I lost my grandmother earlier this year, and with her, my role as granddaughter. It was hard to lose her but even harder to imagine wanting to keep her from a well-deserved rest. Shortly after, something snapped deep in me, and I knew that I needed to be better at doing things for myself, that a life measured out in coffee spoons was no life for me. I have always written in private, words shrouded in the quiet terror of the imagined judgments of others. My grandmother told stories her whole life. She could not read. She could not write. Her stories died with her. My stories will not die with me.
So I wrote. I write. I will (keep) writing.
I should help my mother, but I know that she wants to continue to do for herself for as long as she can. Bowl retrieved, she shuffles about the kitchen putting out drinks and cups and ice buckets for tonight’s party. I am thankful for the time to write right now.
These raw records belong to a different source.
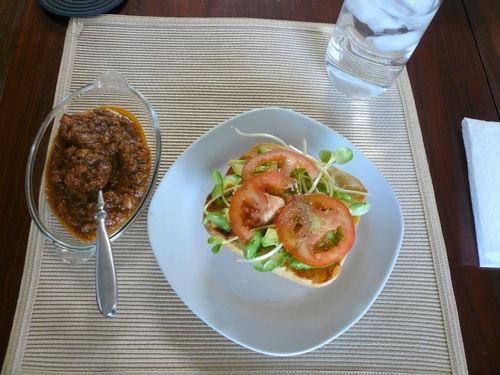Describe the objects in this image and their specific colors. I can see bowl in black, darkgray, lightblue, brown, and tan tones, bowl in black, maroon, gray, and darkgray tones, cup in black, lightblue, and darkgray tones, and spoon in black, gray, darkgray, and lightgray tones in this image. 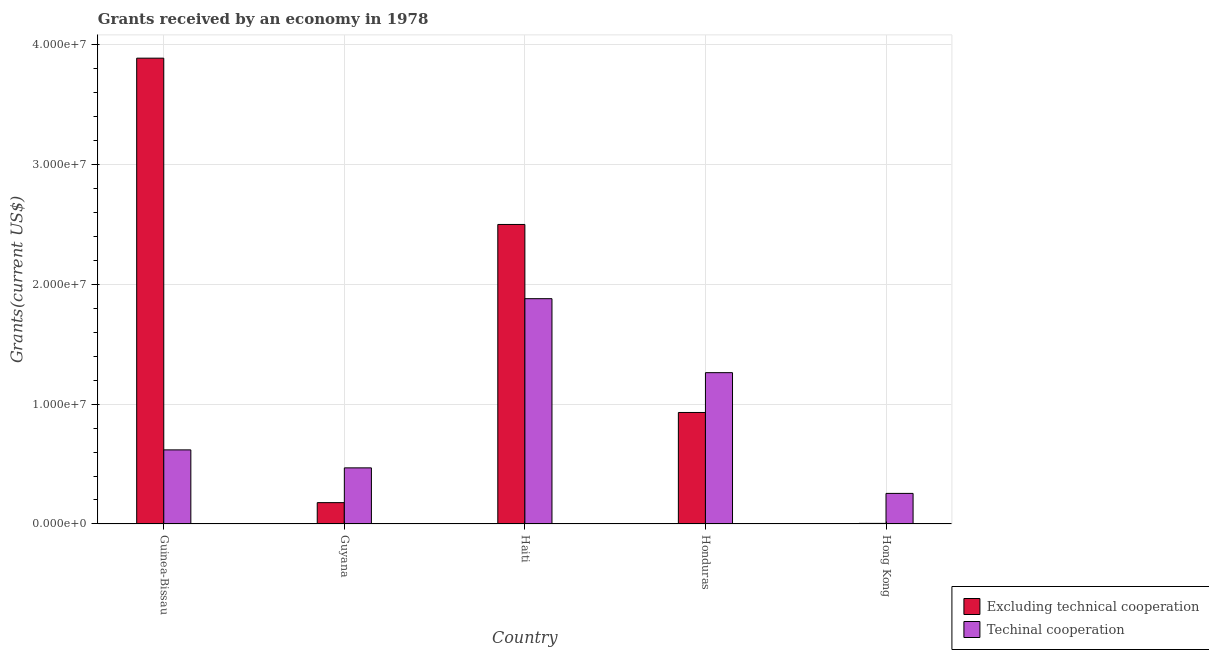How many different coloured bars are there?
Your answer should be compact. 2. Are the number of bars per tick equal to the number of legend labels?
Offer a very short reply. Yes. Are the number of bars on each tick of the X-axis equal?
Your answer should be very brief. Yes. How many bars are there on the 4th tick from the right?
Your response must be concise. 2. What is the label of the 2nd group of bars from the left?
Make the answer very short. Guyana. What is the amount of grants received(excluding technical cooperation) in Hong Kong?
Make the answer very short. 5.00e+04. Across all countries, what is the maximum amount of grants received(including technical cooperation)?
Your answer should be very brief. 1.88e+07. Across all countries, what is the minimum amount of grants received(including technical cooperation)?
Offer a very short reply. 2.55e+06. In which country was the amount of grants received(excluding technical cooperation) maximum?
Your response must be concise. Guinea-Bissau. In which country was the amount of grants received(excluding technical cooperation) minimum?
Give a very brief answer. Hong Kong. What is the total amount of grants received(excluding technical cooperation) in the graph?
Your response must be concise. 7.50e+07. What is the difference between the amount of grants received(including technical cooperation) in Haiti and that in Honduras?
Provide a succinct answer. 6.17e+06. What is the difference between the amount of grants received(including technical cooperation) in Haiti and the amount of grants received(excluding technical cooperation) in Honduras?
Keep it short and to the point. 9.49e+06. What is the average amount of grants received(including technical cooperation) per country?
Your response must be concise. 8.96e+06. What is the difference between the amount of grants received(including technical cooperation) and amount of grants received(excluding technical cooperation) in Haiti?
Provide a short and direct response. -6.19e+06. In how many countries, is the amount of grants received(including technical cooperation) greater than 24000000 US$?
Your answer should be compact. 0. What is the ratio of the amount of grants received(excluding technical cooperation) in Guinea-Bissau to that in Hong Kong?
Your answer should be compact. 777. Is the amount of grants received(including technical cooperation) in Guyana less than that in Haiti?
Keep it short and to the point. Yes. Is the difference between the amount of grants received(excluding technical cooperation) in Guinea-Bissau and Guyana greater than the difference between the amount of grants received(including technical cooperation) in Guinea-Bissau and Guyana?
Offer a very short reply. Yes. What is the difference between the highest and the second highest amount of grants received(including technical cooperation)?
Your answer should be compact. 6.17e+06. What is the difference between the highest and the lowest amount of grants received(excluding technical cooperation)?
Your answer should be very brief. 3.88e+07. What does the 2nd bar from the left in Honduras represents?
Ensure brevity in your answer.  Techinal cooperation. What does the 1st bar from the right in Hong Kong represents?
Offer a very short reply. Techinal cooperation. How many bars are there?
Offer a terse response. 10. Are all the bars in the graph horizontal?
Keep it short and to the point. No. How many countries are there in the graph?
Give a very brief answer. 5. Does the graph contain any zero values?
Provide a succinct answer. No. How many legend labels are there?
Keep it short and to the point. 2. What is the title of the graph?
Make the answer very short. Grants received by an economy in 1978. Does "Arms exports" appear as one of the legend labels in the graph?
Offer a very short reply. No. What is the label or title of the X-axis?
Provide a short and direct response. Country. What is the label or title of the Y-axis?
Provide a short and direct response. Grants(current US$). What is the Grants(current US$) of Excluding technical cooperation in Guinea-Bissau?
Give a very brief answer. 3.88e+07. What is the Grants(current US$) of Techinal cooperation in Guinea-Bissau?
Provide a succinct answer. 6.18e+06. What is the Grants(current US$) in Excluding technical cooperation in Guyana?
Give a very brief answer. 1.78e+06. What is the Grants(current US$) of Techinal cooperation in Guyana?
Your answer should be compact. 4.68e+06. What is the Grants(current US$) in Excluding technical cooperation in Haiti?
Provide a succinct answer. 2.50e+07. What is the Grants(current US$) in Techinal cooperation in Haiti?
Give a very brief answer. 1.88e+07. What is the Grants(current US$) in Excluding technical cooperation in Honduras?
Give a very brief answer. 9.30e+06. What is the Grants(current US$) of Techinal cooperation in Honduras?
Your answer should be compact. 1.26e+07. What is the Grants(current US$) in Excluding technical cooperation in Hong Kong?
Your answer should be very brief. 5.00e+04. What is the Grants(current US$) in Techinal cooperation in Hong Kong?
Give a very brief answer. 2.55e+06. Across all countries, what is the maximum Grants(current US$) in Excluding technical cooperation?
Offer a terse response. 3.88e+07. Across all countries, what is the maximum Grants(current US$) in Techinal cooperation?
Your answer should be very brief. 1.88e+07. Across all countries, what is the minimum Grants(current US$) of Excluding technical cooperation?
Your answer should be compact. 5.00e+04. Across all countries, what is the minimum Grants(current US$) of Techinal cooperation?
Make the answer very short. 2.55e+06. What is the total Grants(current US$) in Excluding technical cooperation in the graph?
Provide a short and direct response. 7.50e+07. What is the total Grants(current US$) in Techinal cooperation in the graph?
Your response must be concise. 4.48e+07. What is the difference between the Grants(current US$) in Excluding technical cooperation in Guinea-Bissau and that in Guyana?
Provide a short and direct response. 3.71e+07. What is the difference between the Grants(current US$) in Techinal cooperation in Guinea-Bissau and that in Guyana?
Keep it short and to the point. 1.50e+06. What is the difference between the Grants(current US$) of Excluding technical cooperation in Guinea-Bissau and that in Haiti?
Make the answer very short. 1.39e+07. What is the difference between the Grants(current US$) in Techinal cooperation in Guinea-Bissau and that in Haiti?
Ensure brevity in your answer.  -1.26e+07. What is the difference between the Grants(current US$) of Excluding technical cooperation in Guinea-Bissau and that in Honduras?
Your answer should be very brief. 2.96e+07. What is the difference between the Grants(current US$) of Techinal cooperation in Guinea-Bissau and that in Honduras?
Your response must be concise. -6.44e+06. What is the difference between the Grants(current US$) in Excluding technical cooperation in Guinea-Bissau and that in Hong Kong?
Provide a succinct answer. 3.88e+07. What is the difference between the Grants(current US$) of Techinal cooperation in Guinea-Bissau and that in Hong Kong?
Provide a succinct answer. 3.63e+06. What is the difference between the Grants(current US$) of Excluding technical cooperation in Guyana and that in Haiti?
Ensure brevity in your answer.  -2.32e+07. What is the difference between the Grants(current US$) in Techinal cooperation in Guyana and that in Haiti?
Offer a very short reply. -1.41e+07. What is the difference between the Grants(current US$) of Excluding technical cooperation in Guyana and that in Honduras?
Offer a terse response. -7.52e+06. What is the difference between the Grants(current US$) of Techinal cooperation in Guyana and that in Honduras?
Your response must be concise. -7.94e+06. What is the difference between the Grants(current US$) of Excluding technical cooperation in Guyana and that in Hong Kong?
Offer a very short reply. 1.73e+06. What is the difference between the Grants(current US$) of Techinal cooperation in Guyana and that in Hong Kong?
Offer a very short reply. 2.13e+06. What is the difference between the Grants(current US$) of Excluding technical cooperation in Haiti and that in Honduras?
Offer a very short reply. 1.57e+07. What is the difference between the Grants(current US$) in Techinal cooperation in Haiti and that in Honduras?
Give a very brief answer. 6.17e+06. What is the difference between the Grants(current US$) in Excluding technical cooperation in Haiti and that in Hong Kong?
Keep it short and to the point. 2.49e+07. What is the difference between the Grants(current US$) of Techinal cooperation in Haiti and that in Hong Kong?
Offer a terse response. 1.62e+07. What is the difference between the Grants(current US$) in Excluding technical cooperation in Honduras and that in Hong Kong?
Your answer should be compact. 9.25e+06. What is the difference between the Grants(current US$) in Techinal cooperation in Honduras and that in Hong Kong?
Ensure brevity in your answer.  1.01e+07. What is the difference between the Grants(current US$) in Excluding technical cooperation in Guinea-Bissau and the Grants(current US$) in Techinal cooperation in Guyana?
Your response must be concise. 3.42e+07. What is the difference between the Grants(current US$) in Excluding technical cooperation in Guinea-Bissau and the Grants(current US$) in Techinal cooperation in Haiti?
Provide a succinct answer. 2.01e+07. What is the difference between the Grants(current US$) in Excluding technical cooperation in Guinea-Bissau and the Grants(current US$) in Techinal cooperation in Honduras?
Ensure brevity in your answer.  2.62e+07. What is the difference between the Grants(current US$) in Excluding technical cooperation in Guinea-Bissau and the Grants(current US$) in Techinal cooperation in Hong Kong?
Provide a short and direct response. 3.63e+07. What is the difference between the Grants(current US$) of Excluding technical cooperation in Guyana and the Grants(current US$) of Techinal cooperation in Haiti?
Offer a very short reply. -1.70e+07. What is the difference between the Grants(current US$) of Excluding technical cooperation in Guyana and the Grants(current US$) of Techinal cooperation in Honduras?
Give a very brief answer. -1.08e+07. What is the difference between the Grants(current US$) of Excluding technical cooperation in Guyana and the Grants(current US$) of Techinal cooperation in Hong Kong?
Offer a very short reply. -7.70e+05. What is the difference between the Grants(current US$) of Excluding technical cooperation in Haiti and the Grants(current US$) of Techinal cooperation in Honduras?
Offer a very short reply. 1.24e+07. What is the difference between the Grants(current US$) of Excluding technical cooperation in Haiti and the Grants(current US$) of Techinal cooperation in Hong Kong?
Your answer should be compact. 2.24e+07. What is the difference between the Grants(current US$) of Excluding technical cooperation in Honduras and the Grants(current US$) of Techinal cooperation in Hong Kong?
Keep it short and to the point. 6.75e+06. What is the average Grants(current US$) of Excluding technical cooperation per country?
Your response must be concise. 1.50e+07. What is the average Grants(current US$) in Techinal cooperation per country?
Your response must be concise. 8.96e+06. What is the difference between the Grants(current US$) in Excluding technical cooperation and Grants(current US$) in Techinal cooperation in Guinea-Bissau?
Offer a very short reply. 3.27e+07. What is the difference between the Grants(current US$) in Excluding technical cooperation and Grants(current US$) in Techinal cooperation in Guyana?
Offer a very short reply. -2.90e+06. What is the difference between the Grants(current US$) in Excluding technical cooperation and Grants(current US$) in Techinal cooperation in Haiti?
Your answer should be compact. 6.19e+06. What is the difference between the Grants(current US$) in Excluding technical cooperation and Grants(current US$) in Techinal cooperation in Honduras?
Keep it short and to the point. -3.32e+06. What is the difference between the Grants(current US$) of Excluding technical cooperation and Grants(current US$) of Techinal cooperation in Hong Kong?
Offer a very short reply. -2.50e+06. What is the ratio of the Grants(current US$) in Excluding technical cooperation in Guinea-Bissau to that in Guyana?
Your answer should be compact. 21.83. What is the ratio of the Grants(current US$) of Techinal cooperation in Guinea-Bissau to that in Guyana?
Your answer should be compact. 1.32. What is the ratio of the Grants(current US$) in Excluding technical cooperation in Guinea-Bissau to that in Haiti?
Provide a succinct answer. 1.56. What is the ratio of the Grants(current US$) of Techinal cooperation in Guinea-Bissau to that in Haiti?
Offer a terse response. 0.33. What is the ratio of the Grants(current US$) of Excluding technical cooperation in Guinea-Bissau to that in Honduras?
Provide a short and direct response. 4.18. What is the ratio of the Grants(current US$) of Techinal cooperation in Guinea-Bissau to that in Honduras?
Provide a short and direct response. 0.49. What is the ratio of the Grants(current US$) in Excluding technical cooperation in Guinea-Bissau to that in Hong Kong?
Make the answer very short. 777. What is the ratio of the Grants(current US$) in Techinal cooperation in Guinea-Bissau to that in Hong Kong?
Give a very brief answer. 2.42. What is the ratio of the Grants(current US$) of Excluding technical cooperation in Guyana to that in Haiti?
Offer a terse response. 0.07. What is the ratio of the Grants(current US$) of Techinal cooperation in Guyana to that in Haiti?
Give a very brief answer. 0.25. What is the ratio of the Grants(current US$) in Excluding technical cooperation in Guyana to that in Honduras?
Keep it short and to the point. 0.19. What is the ratio of the Grants(current US$) in Techinal cooperation in Guyana to that in Honduras?
Provide a short and direct response. 0.37. What is the ratio of the Grants(current US$) of Excluding technical cooperation in Guyana to that in Hong Kong?
Provide a short and direct response. 35.6. What is the ratio of the Grants(current US$) in Techinal cooperation in Guyana to that in Hong Kong?
Keep it short and to the point. 1.84. What is the ratio of the Grants(current US$) in Excluding technical cooperation in Haiti to that in Honduras?
Offer a terse response. 2.69. What is the ratio of the Grants(current US$) of Techinal cooperation in Haiti to that in Honduras?
Ensure brevity in your answer.  1.49. What is the ratio of the Grants(current US$) in Excluding technical cooperation in Haiti to that in Hong Kong?
Your response must be concise. 499.6. What is the ratio of the Grants(current US$) of Techinal cooperation in Haiti to that in Hong Kong?
Offer a very short reply. 7.37. What is the ratio of the Grants(current US$) of Excluding technical cooperation in Honduras to that in Hong Kong?
Give a very brief answer. 186. What is the ratio of the Grants(current US$) in Techinal cooperation in Honduras to that in Hong Kong?
Ensure brevity in your answer.  4.95. What is the difference between the highest and the second highest Grants(current US$) of Excluding technical cooperation?
Your answer should be very brief. 1.39e+07. What is the difference between the highest and the second highest Grants(current US$) in Techinal cooperation?
Your answer should be very brief. 6.17e+06. What is the difference between the highest and the lowest Grants(current US$) of Excluding technical cooperation?
Give a very brief answer. 3.88e+07. What is the difference between the highest and the lowest Grants(current US$) in Techinal cooperation?
Your answer should be very brief. 1.62e+07.

I do not want to think about the day when I won’t be able to escape into writing because my mother can’t give me that time any more. Truth be told, I understand now that I won’t want it.
I don’t know what it significant about any of this. Time rolls relentlessly on. We are born. We grow old. We die. We play our part in the course of human history, and if we’re lucky, we manage to infuse into the march of time a moment of the beautifully humane.
To the soon-to-be-bounced 3 I say “thank you for being the year where I found the strength to be me.” To the shifty-eyed 4 I whisper “bring it on.” I will write or photograph or speak every day. I will not be afraid.
Happy Old Year. Happy New Year.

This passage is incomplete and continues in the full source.